Collected data entries:
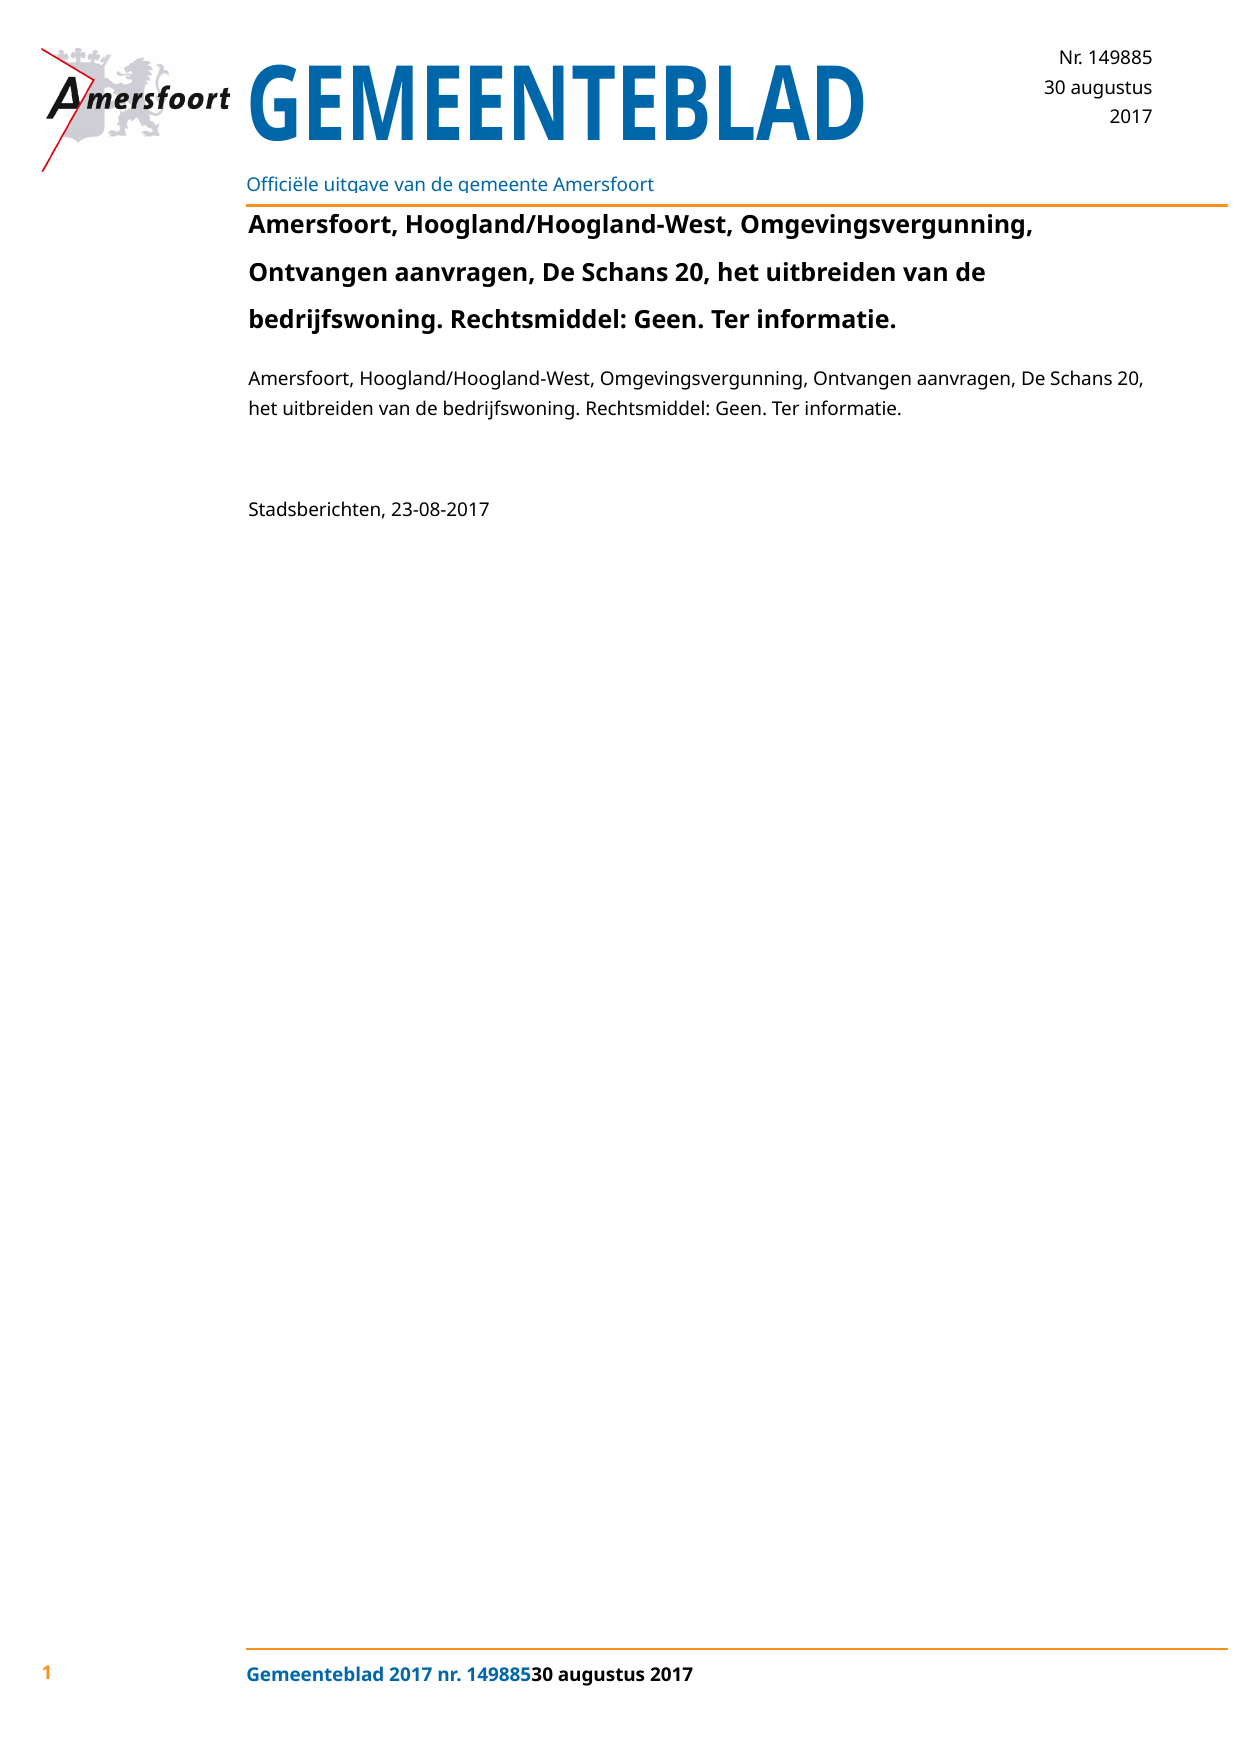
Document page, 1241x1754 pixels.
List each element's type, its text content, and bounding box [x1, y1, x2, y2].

text Amersfoort, Hoogland/Hoogland-West, Omgevingsvergunning, Ontvangen aanvragen, De Schans 20, het uitbreiden van de bedrijfswoning. Rechtsmiddel: Geen. Ter informatie. [248, 207, 1152, 336]
text Amersfoort, Hoogland/Hoogland-West, Omgevingsvergunning, Ontvangen aanvragen, De Schans 20, het uitbreiden van de bedrijfswoning. Rechtsmiddel: Geen. Ter informatie. [248, 366, 1152, 421]
text Stadsberichten, 23-08-2017 [248, 496, 1152, 522]
picture [41, 47, 231, 172]

> **What you need to do**: The lines to copy run from the one containing "List each element's" through the last line above. Copy them exactly and include nothing else.

> **Result**:
List each element's type, its text content, and bounding box [x1, y1, x2, y2].

text Amersfoort, Hoogland/Hoogland-West, Omgevingsvergunning, Ontvangen aanvragen, De Schans 20, het uitbreiden van de bedrijfswoning. Rechtsmiddel: Geen. Ter informatie. [248, 207, 1152, 336]
text Amersfoort, Hoogland/Hoogland-West, Omgevingsvergunning, Ontvangen aanvragen, De Schans 20, het uitbreiden van de bedrijfswoning. Rechtsmiddel: Geen. Ter informatie. [248, 366, 1152, 421]
text Stadsberichten, 23-08-2017 [248, 496, 1152, 522]
picture [41, 47, 231, 172]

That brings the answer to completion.